I am from “Institute of Engineering and Management, Kolkata”.

Round 1: TCS conducted a National Qualifier Test (NQT) as the first round of recruitment process this year. There was no concept of Campus Recruitment had happened this year. They fixed two specific dates for this NQT exam that was 2nd September 2018 and 3rd September 2018. There were 3 slots for each day. Question sets were the same for all for the same slot but different for either slot.

There were four sections in that online exam with sectional cut offs. four sections are 1. English test 2. Aptitude test 3. Computer proficiency test 4. Coding test.

My slot timing was in the 3rd slot on 2nd. English section was pretty much normal basically fill in the blanks type. In the aptitude section, there are two subsections one is normal and another is advanced. Computer proficiency section was also the same type and many questions were asked from ds and c-programming code snippet. And the last section was the Coding section.

Results were declared via mail on 8th September and I was luckily qualified in the first round. From our college, almost 650 students appeared for that exam and 413 students are qualified for the F2F interview.

 

Round 2: On the very next day of the first round result declaration I got another mail from TCS for the Interview date and place which was conducted on TCS Gitanjali Park office, Kolkata.

I had my interview on 11th September from 12 p.m and onwards. I arrived at the TCS office at 11.30 a.m. After waiting for a long I got my call around 4.15 p.m.

Now here I am going to share my interview experience. I will write interviewer 1 as I1, interviewer 2 as I2 and myself as M :

.

.

M: May I come in?

I1: Yes.

M: Good afternoon sir, good afternoon ma’am.

<< without giving any reply back >>

I1: Mainak, tell me the basic difference between the Ipv4 and Ipv6?

<<I have not mentioned “networking” in my resume >>

M: …. somehow manage to answer very basic.

I1: Seems not so happy. ” you are giving an answer, like a class 5 child”. Then again asked a question from networking.

I1: what is your final semester subsects?

M: After a big pause… Sorry, sir!

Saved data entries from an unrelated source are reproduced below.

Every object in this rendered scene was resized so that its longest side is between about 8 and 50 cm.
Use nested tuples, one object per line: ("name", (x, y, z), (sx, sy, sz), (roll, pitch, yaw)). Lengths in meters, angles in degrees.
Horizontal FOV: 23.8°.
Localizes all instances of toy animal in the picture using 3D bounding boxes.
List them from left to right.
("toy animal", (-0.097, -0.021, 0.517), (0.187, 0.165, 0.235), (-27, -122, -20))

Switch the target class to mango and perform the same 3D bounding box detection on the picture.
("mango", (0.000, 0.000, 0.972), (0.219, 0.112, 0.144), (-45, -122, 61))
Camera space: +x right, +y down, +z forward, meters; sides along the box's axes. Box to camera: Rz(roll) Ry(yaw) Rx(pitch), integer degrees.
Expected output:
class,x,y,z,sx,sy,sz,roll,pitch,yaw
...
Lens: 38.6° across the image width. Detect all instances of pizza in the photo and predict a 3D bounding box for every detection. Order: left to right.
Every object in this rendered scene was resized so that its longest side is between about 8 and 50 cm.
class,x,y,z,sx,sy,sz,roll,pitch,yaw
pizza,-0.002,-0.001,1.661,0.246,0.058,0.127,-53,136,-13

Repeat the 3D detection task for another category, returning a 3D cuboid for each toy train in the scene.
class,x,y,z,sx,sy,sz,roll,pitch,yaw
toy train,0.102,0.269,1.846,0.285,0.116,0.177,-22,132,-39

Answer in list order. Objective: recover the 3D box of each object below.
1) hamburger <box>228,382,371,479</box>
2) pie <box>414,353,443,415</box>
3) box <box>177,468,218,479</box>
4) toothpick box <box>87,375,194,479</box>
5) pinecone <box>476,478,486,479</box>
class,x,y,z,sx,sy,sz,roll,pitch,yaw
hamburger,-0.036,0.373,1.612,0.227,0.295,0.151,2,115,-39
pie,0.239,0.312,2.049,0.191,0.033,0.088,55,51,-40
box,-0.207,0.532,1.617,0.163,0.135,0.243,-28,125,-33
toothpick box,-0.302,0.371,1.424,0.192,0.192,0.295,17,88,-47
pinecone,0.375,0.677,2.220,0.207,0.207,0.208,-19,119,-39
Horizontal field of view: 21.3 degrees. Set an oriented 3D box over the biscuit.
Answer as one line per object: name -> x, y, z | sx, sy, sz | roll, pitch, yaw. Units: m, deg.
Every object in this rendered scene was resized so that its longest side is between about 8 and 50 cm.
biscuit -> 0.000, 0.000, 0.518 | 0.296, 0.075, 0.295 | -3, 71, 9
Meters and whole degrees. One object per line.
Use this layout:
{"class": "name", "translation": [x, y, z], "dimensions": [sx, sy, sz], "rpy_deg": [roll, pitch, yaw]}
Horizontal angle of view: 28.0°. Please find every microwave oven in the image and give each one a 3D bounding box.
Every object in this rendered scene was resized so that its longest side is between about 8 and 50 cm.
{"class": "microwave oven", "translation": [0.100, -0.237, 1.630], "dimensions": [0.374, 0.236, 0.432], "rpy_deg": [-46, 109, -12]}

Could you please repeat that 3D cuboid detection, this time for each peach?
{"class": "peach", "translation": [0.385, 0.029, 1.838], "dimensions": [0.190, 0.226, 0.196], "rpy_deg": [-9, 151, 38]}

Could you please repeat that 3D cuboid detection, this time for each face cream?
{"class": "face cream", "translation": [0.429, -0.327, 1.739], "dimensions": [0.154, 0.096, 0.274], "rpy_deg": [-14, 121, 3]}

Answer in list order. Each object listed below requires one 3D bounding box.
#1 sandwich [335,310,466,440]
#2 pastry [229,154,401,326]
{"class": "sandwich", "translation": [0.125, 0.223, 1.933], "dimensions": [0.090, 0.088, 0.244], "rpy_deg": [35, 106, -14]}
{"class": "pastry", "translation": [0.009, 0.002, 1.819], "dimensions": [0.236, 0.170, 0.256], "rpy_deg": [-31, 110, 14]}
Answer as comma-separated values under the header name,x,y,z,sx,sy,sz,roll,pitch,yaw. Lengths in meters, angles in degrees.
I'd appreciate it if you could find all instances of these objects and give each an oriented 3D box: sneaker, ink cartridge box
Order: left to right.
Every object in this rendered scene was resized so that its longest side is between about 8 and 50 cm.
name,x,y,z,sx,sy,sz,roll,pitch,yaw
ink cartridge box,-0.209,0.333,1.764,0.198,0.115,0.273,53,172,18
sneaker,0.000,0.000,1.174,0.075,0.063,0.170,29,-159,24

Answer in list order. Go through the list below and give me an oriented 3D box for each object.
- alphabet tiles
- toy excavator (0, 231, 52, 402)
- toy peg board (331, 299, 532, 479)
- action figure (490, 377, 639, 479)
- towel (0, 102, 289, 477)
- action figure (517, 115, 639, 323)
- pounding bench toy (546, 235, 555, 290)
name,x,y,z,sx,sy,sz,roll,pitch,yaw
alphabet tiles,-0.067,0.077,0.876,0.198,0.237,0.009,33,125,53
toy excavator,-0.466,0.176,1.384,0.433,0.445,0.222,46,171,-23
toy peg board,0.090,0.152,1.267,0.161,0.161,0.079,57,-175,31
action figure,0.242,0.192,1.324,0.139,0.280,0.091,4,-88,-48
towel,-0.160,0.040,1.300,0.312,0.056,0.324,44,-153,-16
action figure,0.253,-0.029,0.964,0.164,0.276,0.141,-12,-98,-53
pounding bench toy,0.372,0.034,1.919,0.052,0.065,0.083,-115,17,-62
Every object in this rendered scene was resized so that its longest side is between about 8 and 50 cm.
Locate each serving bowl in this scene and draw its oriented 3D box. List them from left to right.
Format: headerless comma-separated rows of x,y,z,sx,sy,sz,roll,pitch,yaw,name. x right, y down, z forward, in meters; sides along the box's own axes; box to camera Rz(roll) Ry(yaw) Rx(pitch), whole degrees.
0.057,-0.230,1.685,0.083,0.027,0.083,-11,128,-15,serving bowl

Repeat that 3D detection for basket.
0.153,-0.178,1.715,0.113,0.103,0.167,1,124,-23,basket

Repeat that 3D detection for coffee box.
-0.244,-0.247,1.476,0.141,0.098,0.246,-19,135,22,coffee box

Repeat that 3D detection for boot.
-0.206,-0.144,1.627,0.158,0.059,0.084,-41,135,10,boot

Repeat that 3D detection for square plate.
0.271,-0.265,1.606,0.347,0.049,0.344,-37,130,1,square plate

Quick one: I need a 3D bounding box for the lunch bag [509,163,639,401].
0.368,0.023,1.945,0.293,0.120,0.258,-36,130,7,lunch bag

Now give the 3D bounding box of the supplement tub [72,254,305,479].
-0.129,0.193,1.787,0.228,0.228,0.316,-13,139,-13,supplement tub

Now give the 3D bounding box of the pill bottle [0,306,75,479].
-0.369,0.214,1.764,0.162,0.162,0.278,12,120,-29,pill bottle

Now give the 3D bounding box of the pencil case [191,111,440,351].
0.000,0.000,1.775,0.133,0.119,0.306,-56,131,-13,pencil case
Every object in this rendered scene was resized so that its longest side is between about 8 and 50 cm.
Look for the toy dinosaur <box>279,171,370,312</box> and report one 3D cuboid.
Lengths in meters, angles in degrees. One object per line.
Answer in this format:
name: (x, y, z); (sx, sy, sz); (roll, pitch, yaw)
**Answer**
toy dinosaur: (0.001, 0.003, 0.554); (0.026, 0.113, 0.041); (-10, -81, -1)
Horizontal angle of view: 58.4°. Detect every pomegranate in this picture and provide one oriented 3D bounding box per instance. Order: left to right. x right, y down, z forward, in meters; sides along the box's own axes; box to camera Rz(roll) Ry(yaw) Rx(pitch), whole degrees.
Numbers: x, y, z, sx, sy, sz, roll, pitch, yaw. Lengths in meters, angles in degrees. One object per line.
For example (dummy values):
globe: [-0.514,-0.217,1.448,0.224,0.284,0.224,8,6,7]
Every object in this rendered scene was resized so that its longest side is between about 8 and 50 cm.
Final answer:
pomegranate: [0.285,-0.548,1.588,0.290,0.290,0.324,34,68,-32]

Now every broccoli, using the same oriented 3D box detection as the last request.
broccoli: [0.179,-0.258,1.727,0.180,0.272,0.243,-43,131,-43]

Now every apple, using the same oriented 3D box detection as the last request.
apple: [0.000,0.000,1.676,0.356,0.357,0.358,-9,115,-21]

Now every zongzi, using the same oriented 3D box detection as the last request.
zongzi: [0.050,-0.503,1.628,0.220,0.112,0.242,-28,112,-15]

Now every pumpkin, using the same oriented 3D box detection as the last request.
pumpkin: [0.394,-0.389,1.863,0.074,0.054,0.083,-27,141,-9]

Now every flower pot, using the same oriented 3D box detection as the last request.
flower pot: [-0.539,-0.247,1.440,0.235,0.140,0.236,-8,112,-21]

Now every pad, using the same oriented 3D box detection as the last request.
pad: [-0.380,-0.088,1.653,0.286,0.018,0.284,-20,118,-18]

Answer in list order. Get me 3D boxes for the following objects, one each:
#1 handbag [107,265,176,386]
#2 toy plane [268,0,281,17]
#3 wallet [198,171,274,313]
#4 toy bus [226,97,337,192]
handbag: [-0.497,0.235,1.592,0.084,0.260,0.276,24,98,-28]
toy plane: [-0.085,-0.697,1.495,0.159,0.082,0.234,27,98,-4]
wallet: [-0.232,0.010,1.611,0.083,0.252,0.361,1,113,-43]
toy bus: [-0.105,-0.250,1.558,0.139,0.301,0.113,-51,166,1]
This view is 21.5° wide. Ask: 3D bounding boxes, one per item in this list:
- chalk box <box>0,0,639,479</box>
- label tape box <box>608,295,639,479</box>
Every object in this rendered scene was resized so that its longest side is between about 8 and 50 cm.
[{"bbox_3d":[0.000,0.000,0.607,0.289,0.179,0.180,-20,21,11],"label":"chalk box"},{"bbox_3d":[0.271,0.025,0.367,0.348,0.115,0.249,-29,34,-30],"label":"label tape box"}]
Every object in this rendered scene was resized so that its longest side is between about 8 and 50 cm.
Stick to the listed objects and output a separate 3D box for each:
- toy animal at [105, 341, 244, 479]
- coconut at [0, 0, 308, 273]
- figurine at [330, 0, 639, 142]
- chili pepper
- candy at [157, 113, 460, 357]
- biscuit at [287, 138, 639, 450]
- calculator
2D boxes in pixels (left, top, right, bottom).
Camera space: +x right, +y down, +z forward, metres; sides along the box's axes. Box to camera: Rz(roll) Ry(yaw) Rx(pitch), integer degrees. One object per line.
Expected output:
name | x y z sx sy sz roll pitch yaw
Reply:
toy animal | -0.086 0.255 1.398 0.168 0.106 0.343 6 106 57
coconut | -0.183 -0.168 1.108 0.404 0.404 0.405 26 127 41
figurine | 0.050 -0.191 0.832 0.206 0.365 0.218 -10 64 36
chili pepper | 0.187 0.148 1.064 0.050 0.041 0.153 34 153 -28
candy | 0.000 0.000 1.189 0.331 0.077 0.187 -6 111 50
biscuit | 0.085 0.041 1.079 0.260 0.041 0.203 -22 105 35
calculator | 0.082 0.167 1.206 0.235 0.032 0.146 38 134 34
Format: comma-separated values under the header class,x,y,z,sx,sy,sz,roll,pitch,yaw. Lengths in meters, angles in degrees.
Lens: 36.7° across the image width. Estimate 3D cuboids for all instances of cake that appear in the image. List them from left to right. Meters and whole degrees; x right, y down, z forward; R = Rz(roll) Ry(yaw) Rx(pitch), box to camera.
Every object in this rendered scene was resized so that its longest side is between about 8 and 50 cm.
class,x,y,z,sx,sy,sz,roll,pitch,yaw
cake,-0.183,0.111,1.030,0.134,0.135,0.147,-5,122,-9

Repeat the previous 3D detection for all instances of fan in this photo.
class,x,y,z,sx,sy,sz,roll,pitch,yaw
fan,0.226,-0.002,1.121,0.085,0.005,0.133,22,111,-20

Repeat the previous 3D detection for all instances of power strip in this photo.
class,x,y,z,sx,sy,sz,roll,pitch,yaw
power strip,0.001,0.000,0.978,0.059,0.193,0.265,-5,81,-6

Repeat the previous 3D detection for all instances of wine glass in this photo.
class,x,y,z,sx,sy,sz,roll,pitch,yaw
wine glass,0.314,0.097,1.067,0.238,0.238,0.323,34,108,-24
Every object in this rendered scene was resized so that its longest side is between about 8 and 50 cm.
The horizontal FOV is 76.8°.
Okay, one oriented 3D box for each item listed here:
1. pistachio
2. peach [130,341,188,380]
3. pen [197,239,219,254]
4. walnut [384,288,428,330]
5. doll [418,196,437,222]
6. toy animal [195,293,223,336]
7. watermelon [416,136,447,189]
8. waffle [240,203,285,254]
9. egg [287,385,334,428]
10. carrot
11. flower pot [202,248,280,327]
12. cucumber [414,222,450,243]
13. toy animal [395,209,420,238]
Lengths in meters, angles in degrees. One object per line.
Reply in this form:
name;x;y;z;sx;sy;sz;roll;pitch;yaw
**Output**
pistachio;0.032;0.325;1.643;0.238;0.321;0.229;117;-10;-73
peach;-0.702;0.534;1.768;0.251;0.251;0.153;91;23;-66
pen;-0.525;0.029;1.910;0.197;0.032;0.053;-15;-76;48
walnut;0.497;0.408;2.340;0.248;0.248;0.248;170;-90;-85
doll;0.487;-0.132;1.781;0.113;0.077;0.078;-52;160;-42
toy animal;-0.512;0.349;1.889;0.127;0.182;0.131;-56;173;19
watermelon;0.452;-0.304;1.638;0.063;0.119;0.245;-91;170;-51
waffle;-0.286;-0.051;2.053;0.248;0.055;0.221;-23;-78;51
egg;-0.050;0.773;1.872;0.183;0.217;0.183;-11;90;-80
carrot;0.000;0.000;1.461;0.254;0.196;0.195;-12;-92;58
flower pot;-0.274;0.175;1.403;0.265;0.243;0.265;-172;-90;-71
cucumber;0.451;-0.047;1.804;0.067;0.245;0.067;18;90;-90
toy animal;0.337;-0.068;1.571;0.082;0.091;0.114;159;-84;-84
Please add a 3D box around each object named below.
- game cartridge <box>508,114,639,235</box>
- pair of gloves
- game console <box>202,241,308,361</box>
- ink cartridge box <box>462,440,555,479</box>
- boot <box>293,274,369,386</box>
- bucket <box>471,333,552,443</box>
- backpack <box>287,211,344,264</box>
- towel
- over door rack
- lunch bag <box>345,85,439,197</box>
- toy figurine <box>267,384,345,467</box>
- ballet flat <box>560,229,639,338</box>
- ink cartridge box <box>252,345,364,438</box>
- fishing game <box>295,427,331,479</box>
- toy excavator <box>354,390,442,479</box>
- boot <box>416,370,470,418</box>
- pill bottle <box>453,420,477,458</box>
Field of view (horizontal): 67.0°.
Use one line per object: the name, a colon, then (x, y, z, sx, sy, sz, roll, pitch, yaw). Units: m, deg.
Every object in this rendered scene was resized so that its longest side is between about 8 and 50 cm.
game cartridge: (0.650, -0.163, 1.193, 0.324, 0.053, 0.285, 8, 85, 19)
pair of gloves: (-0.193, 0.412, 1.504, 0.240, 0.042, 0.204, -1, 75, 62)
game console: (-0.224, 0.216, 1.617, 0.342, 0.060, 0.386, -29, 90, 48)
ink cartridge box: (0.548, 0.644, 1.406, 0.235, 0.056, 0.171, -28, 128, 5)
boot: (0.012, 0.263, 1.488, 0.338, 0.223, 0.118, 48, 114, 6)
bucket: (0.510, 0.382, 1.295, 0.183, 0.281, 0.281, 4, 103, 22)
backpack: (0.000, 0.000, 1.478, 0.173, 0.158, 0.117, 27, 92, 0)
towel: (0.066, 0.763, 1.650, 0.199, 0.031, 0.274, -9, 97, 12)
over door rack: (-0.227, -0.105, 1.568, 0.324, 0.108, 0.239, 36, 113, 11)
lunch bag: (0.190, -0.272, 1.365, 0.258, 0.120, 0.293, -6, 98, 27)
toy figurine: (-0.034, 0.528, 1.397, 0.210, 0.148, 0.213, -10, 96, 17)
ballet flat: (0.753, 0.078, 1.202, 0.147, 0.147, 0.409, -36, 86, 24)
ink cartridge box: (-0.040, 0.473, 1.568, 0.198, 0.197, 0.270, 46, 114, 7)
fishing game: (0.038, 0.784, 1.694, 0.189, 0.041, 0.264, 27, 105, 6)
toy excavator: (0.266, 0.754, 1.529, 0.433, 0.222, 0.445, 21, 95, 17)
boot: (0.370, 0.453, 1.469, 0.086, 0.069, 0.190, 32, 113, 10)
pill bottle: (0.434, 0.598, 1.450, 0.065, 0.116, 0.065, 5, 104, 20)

I don’t know as currently, I am in 7th sem.

I1: So what is your 7th sem subjects and 6th sem subjects?

M: Ans with confidence.

<<As I was not prepared for this kind of questions. I lose my confidence took permission for having some water in between the interview process>>

I1: Final year project related questions

M: Ans with confidence.

I1: DBMS related questions

M: Answer

I1: Questions related to Extracurricular activities and some questions related to marketing.

M:  Manage to answer every question.

<In between this I2 was only observing me and my answers…. Not a single question was asked by her>

After the Interview, I was asked to wait outside. Again after waiting a long I was asked to leave for the day.

.

.

A few days later, results out and as expected my name was not there in the list.

From the 413 qualified students, only 192 students got the offer letter.

I can say Luck really matters a lot in case of every interview. If you get a good panel you will be hired easily.

Best Of Luck!!!!!!!!!!!!!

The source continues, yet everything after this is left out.